For each book, call it the “base” book, I first excluded all books published in the same year or before the publication year of the base book (i.e. a book could not influence a book published in the same year or before, so these should not be examined). I then calculated the mean distance of the remaining books from the base book. I then kept only those books that were less then 3/4 of a standard deviation below the mean (not one whole standard deviation as suggested in my text). For Pride and Prejudice, this formula meant that I retained the 26 most similar books. For the larger corpus, this is how I got from 5,660,695 edges down to 167,770.
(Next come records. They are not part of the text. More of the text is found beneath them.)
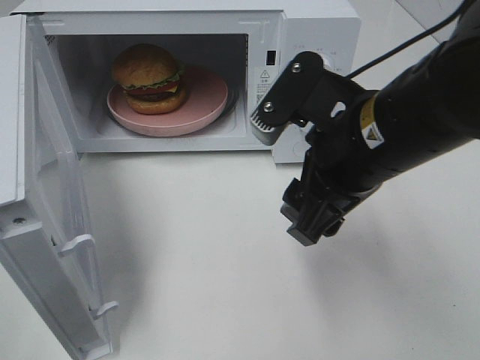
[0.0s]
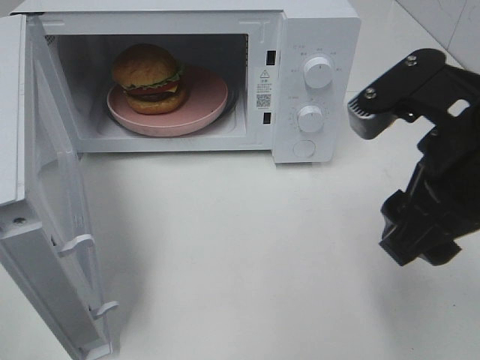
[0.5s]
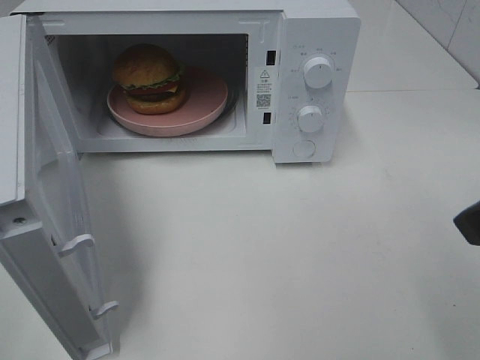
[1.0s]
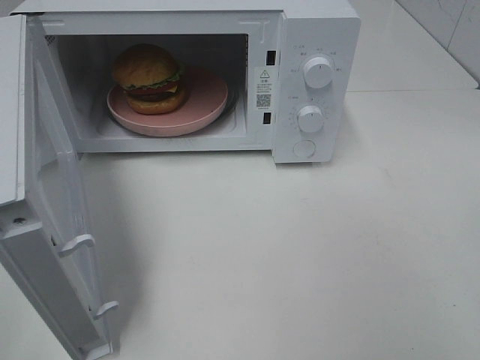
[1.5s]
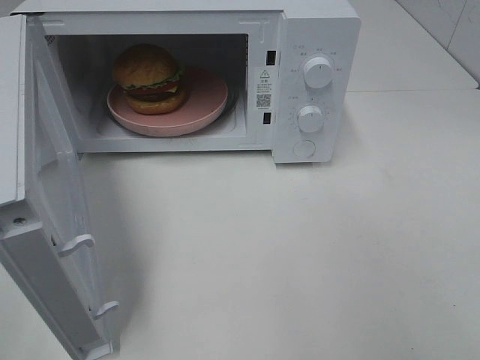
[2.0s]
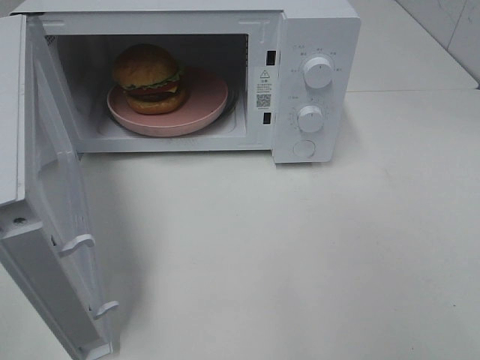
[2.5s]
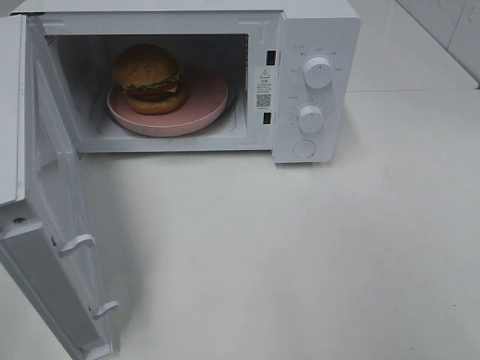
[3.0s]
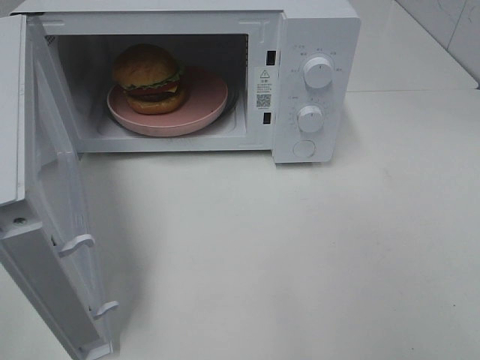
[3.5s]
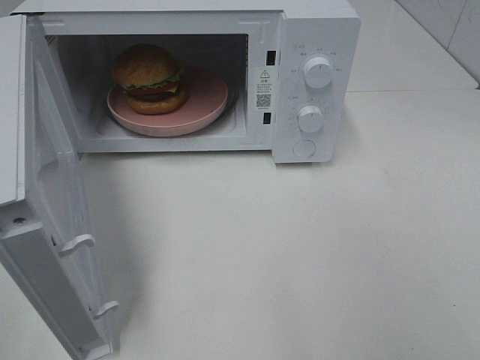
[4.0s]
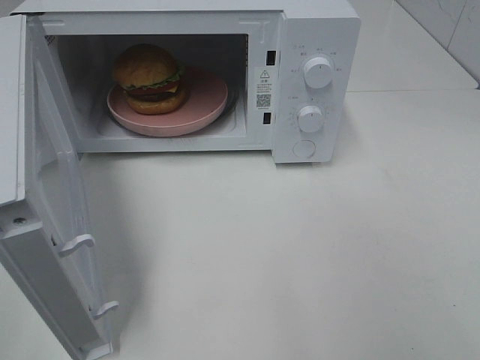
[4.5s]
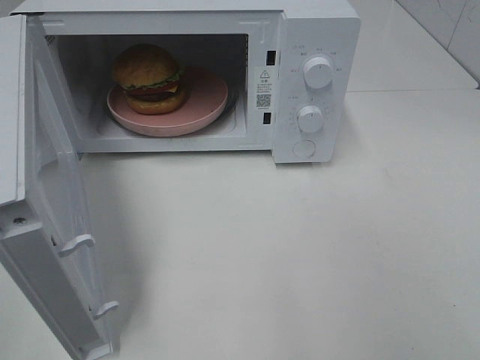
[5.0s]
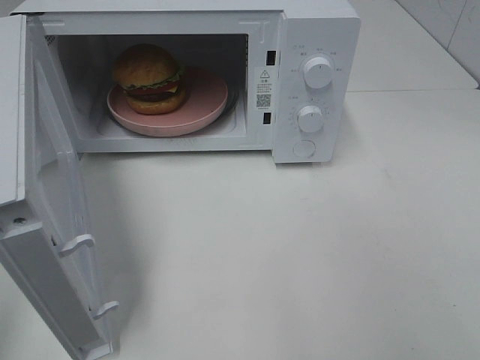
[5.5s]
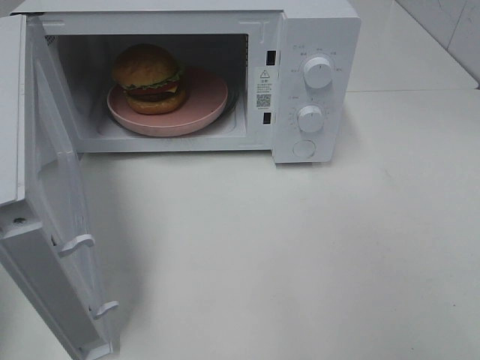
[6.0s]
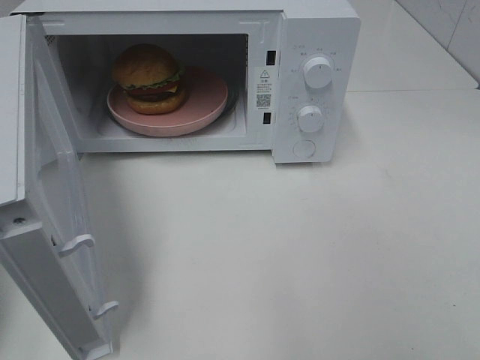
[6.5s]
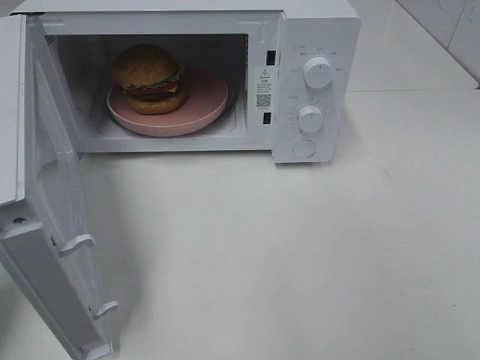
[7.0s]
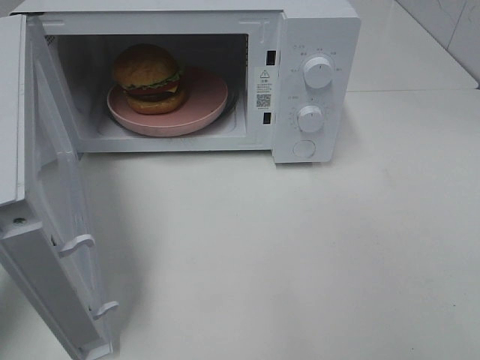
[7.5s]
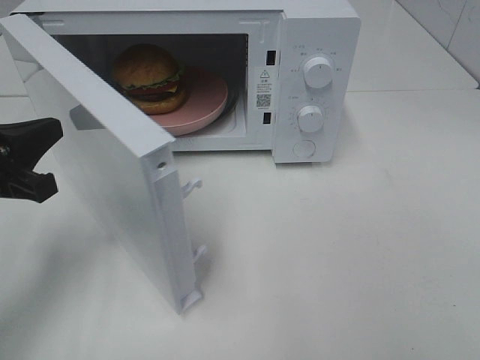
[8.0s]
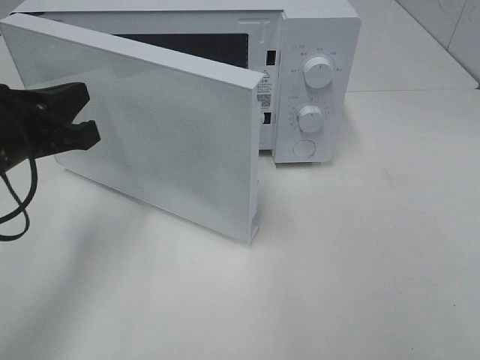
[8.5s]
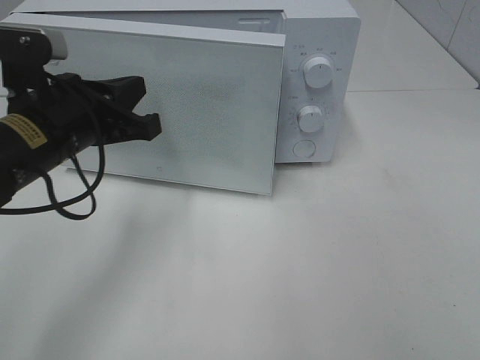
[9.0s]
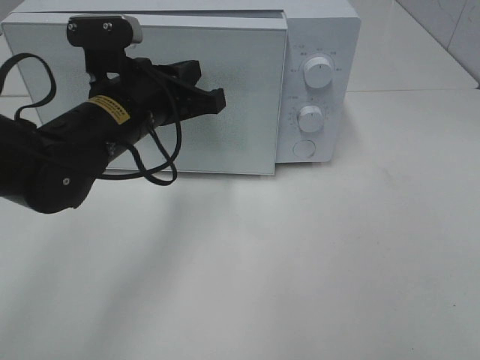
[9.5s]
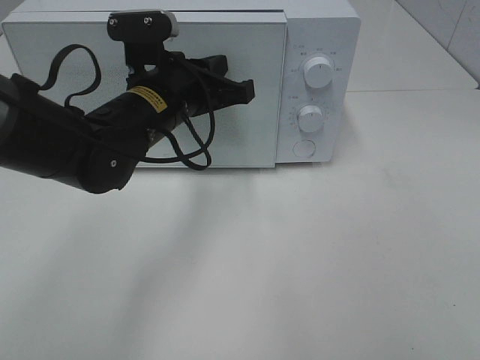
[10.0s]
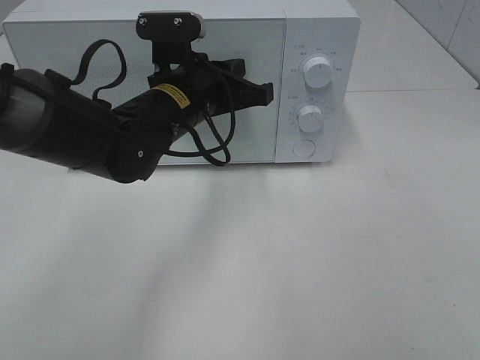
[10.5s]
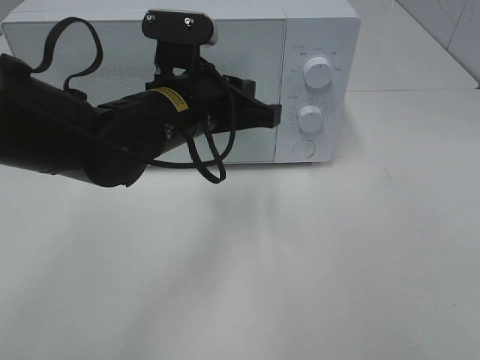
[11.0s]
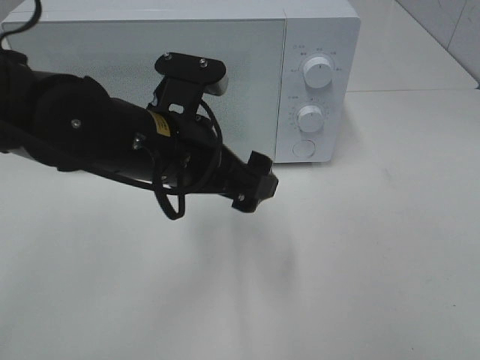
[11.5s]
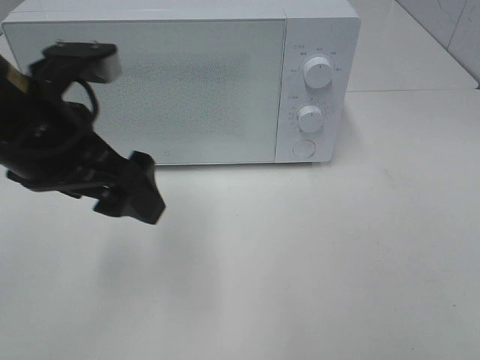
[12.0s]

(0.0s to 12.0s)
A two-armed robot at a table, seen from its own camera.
Task of the whole recording: Heat the burger.
Step, 0.0s - 10.5s: Left hand: close the microwave door.
0.0s - 2.0s: The right gripper moves to the right and backward, roughly 25 cm.
6.0s - 8.0s: The left gripper is displaced forward, downward and to the right by some 20 cm.
8.0s - 10.0s: The left gripper shifts some 20 cm to the right and forward.
10.0s - 12.0s: The left gripper is displaced backward, to the left and upward by about 15 cm, and opens its fingers.

For this blog post, I recreated the entire process. The next two images (figures 2 and 3) show the same results reported in the book. The network shapes look slightly different and the orientations are slightly different, but there is still clear evidence of a chronological signal (figure 2) and there is still a clear differentiation between books authored by males and books authored by females (figure 3).

Figure 2: Using 167,770 Edges
Figure 3: Using 167,770 Edges

Figures 4 and 5, below, show the same chronological and gender sorting, but now using 1 million edges instead of the original 167,770.
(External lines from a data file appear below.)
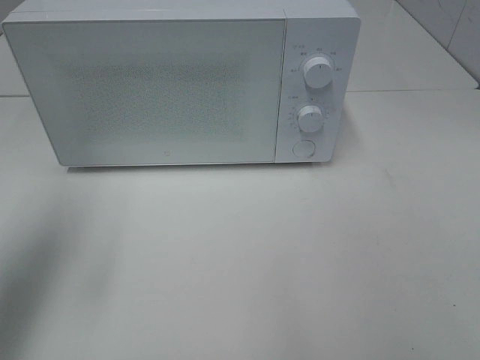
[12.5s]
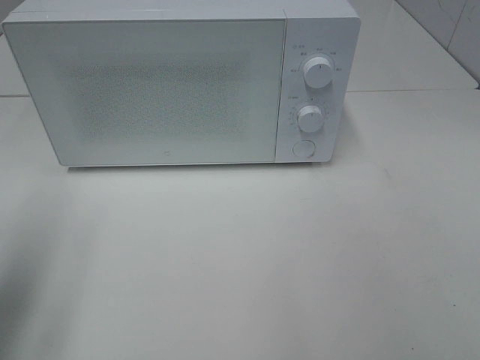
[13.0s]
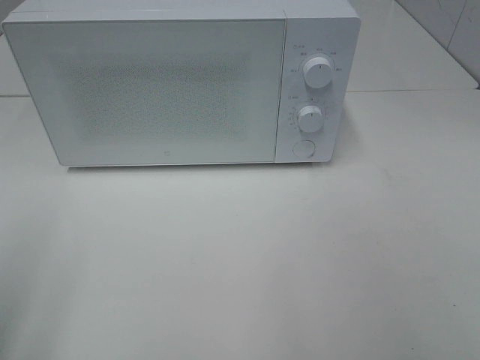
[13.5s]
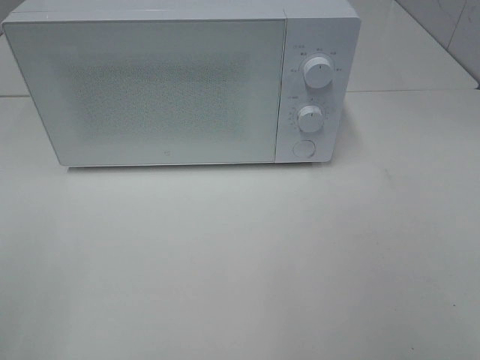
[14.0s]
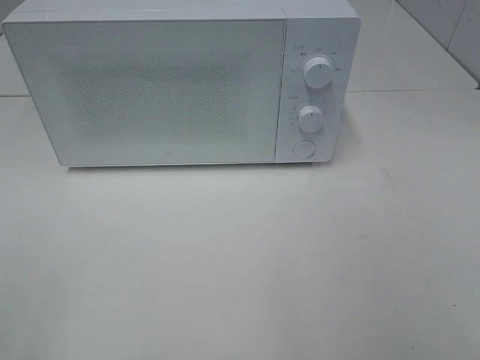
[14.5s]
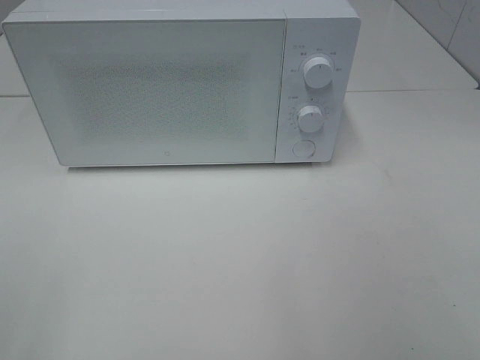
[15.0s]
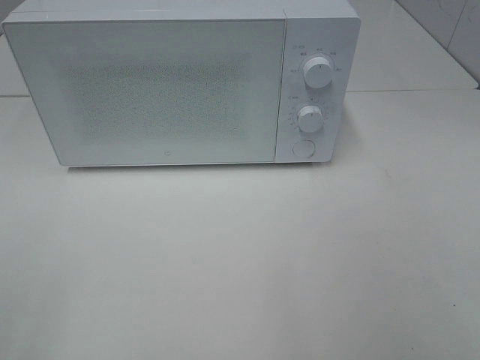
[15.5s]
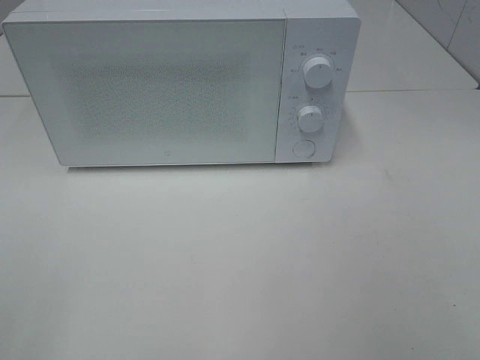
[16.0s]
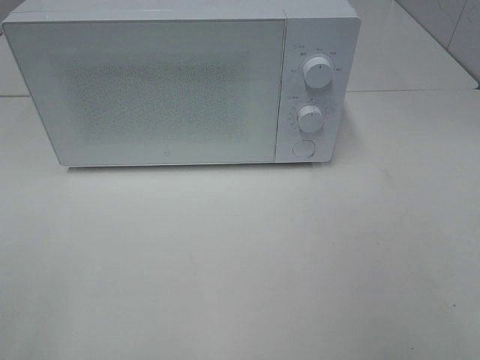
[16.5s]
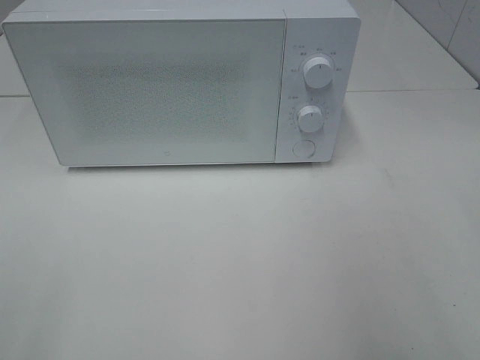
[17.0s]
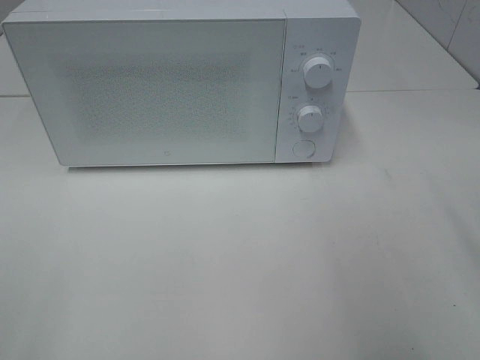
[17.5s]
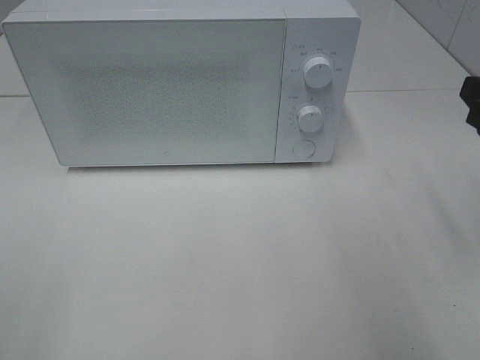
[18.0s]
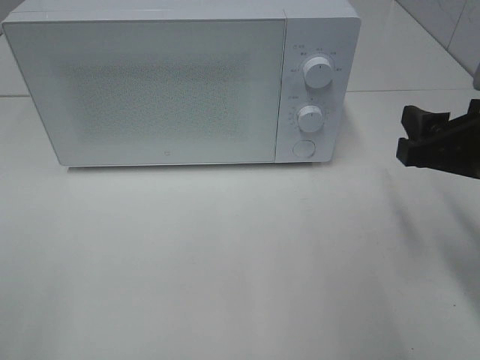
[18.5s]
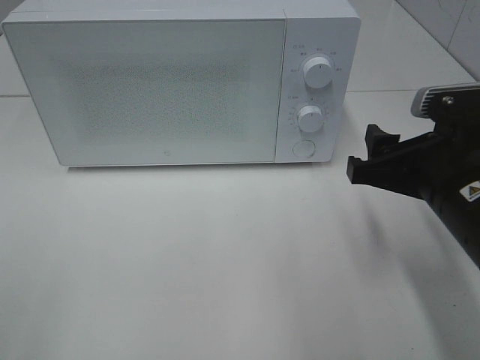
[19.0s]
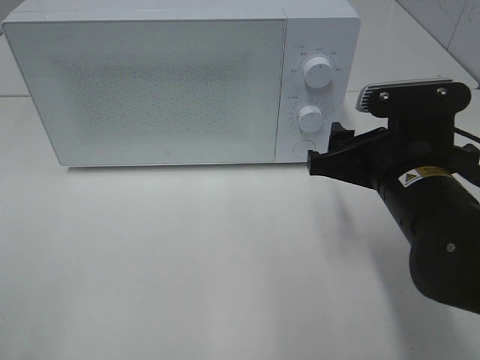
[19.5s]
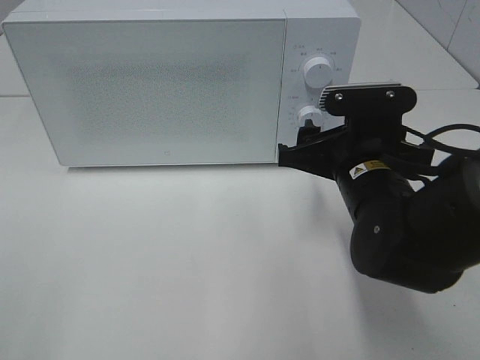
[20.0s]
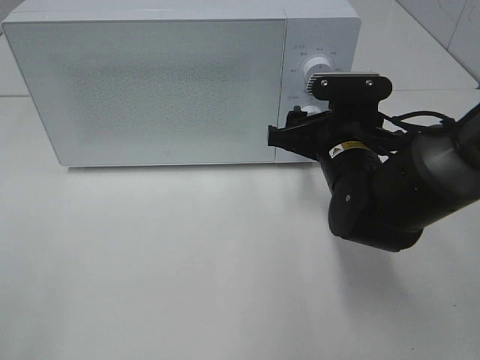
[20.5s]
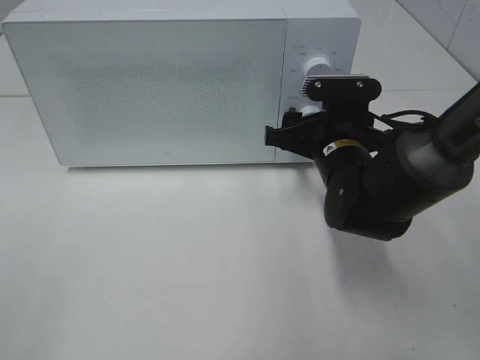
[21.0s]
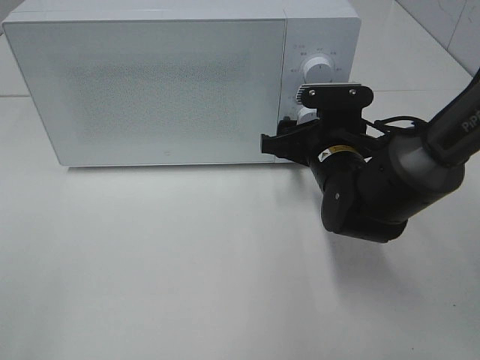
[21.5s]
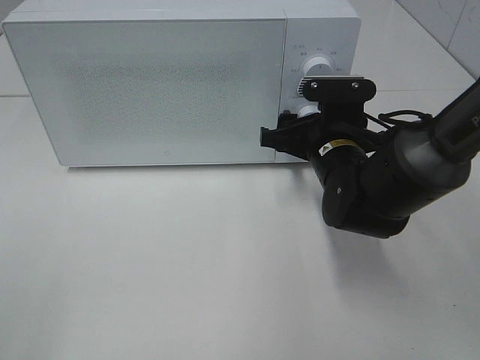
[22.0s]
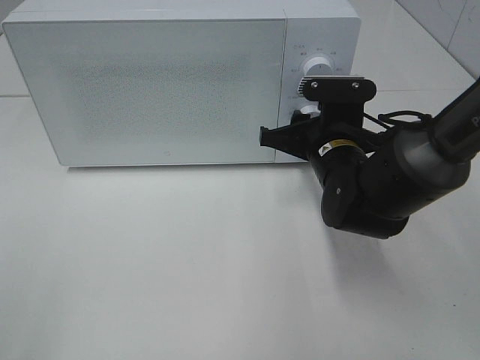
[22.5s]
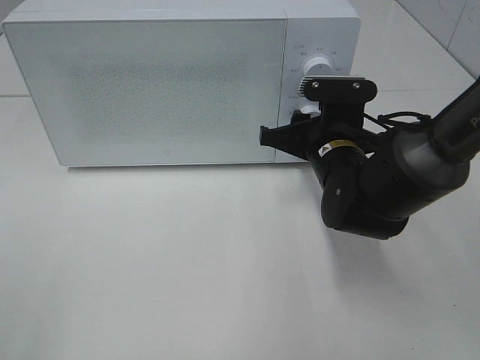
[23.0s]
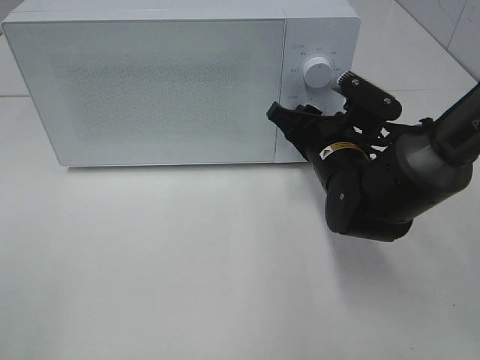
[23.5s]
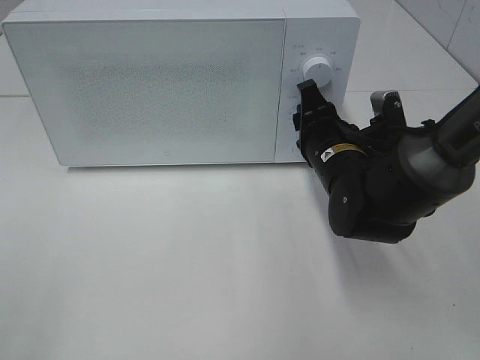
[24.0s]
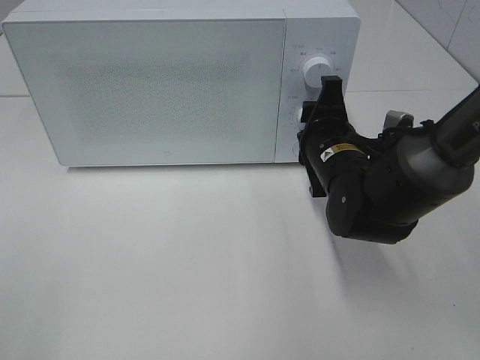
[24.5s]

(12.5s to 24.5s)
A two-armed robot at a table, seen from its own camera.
Task of the whole recording: Heat the burger.
12.5s - 14.5s: The left gripper is displaced backward by some 20 cm.
16.5s - 18.5s: The right gripper goes roughly 20 cm forward and downward.
18.5s - 20.5s: The right gripper heads to the left, forward and downward, covering about 15 cm.
20.5s - 22.5s: The grippers stay close to where they were, moving slightly.

Figure 4: Using 1,000,000 Edges
Figure 5: Using 1,000,000 Edges

One might wonder if what’s being graphed here is obvious? After all wouldn’t we expect topics to be time sensitive, faddish, and wouldn’t we expect style to be likewise? Well, I suppose expectations are a matter of personal opinion.
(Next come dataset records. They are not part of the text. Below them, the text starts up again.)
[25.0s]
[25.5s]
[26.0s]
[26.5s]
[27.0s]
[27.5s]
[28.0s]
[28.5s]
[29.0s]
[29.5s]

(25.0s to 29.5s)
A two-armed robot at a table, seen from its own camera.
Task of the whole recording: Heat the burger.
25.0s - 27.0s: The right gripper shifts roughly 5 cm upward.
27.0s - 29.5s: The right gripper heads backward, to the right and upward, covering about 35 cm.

What my data show are that some topics appear and disappear over time (e.g. vampires) in what seem to be faddish ways, others seem to appear with regularity and even predictability (love), and some are just downright odd, appearing and disappearing in no recognizable pattern (animals). Such is also the case with the word frequencies that we often speak of as a proxy for “style.” In the 19th century, for example, use of the word “like” in English fiction was fairly consistent and flat compared to other frequent words that fluctuate more from year to year or decade to decade: e.g. “of” and “it”.

So, I don’t think it is a foregone conclusion that novels published in a particular time period are necessarily similar. It is possible that a particularly popular topic might catch on or that a powerful writer’s style might get imitated. It is equally plausible that in a race to “make it new” writers would intentionally avoid working with popular topics or imitating a typical style.

And when it comes to author gender/sex, I don’t think it is obvious that male writers will write like other males and females like other females. The data reveal that even while the majority (roughly 80%) in each class write more like members of their class, many women (~20%) write more like men and many men (~20%) write more like women. Which is to say, there are central tendencies and there are outliers. When it comes to author gender, study after study indicate that the central tendency is about 80% of writers. Looking at how these distributions evolve over time, seems to me a especially interesting place for ongoing research.

But what we are ultimately dealing with here, in these graphs, are the central tendencies. I continue to believe, as I have argued in Macroanalysis and in The Bestseller Code, that it is only through an understanding of the central tendencies that we can begin to understand and appreciate what it means to be an outlier.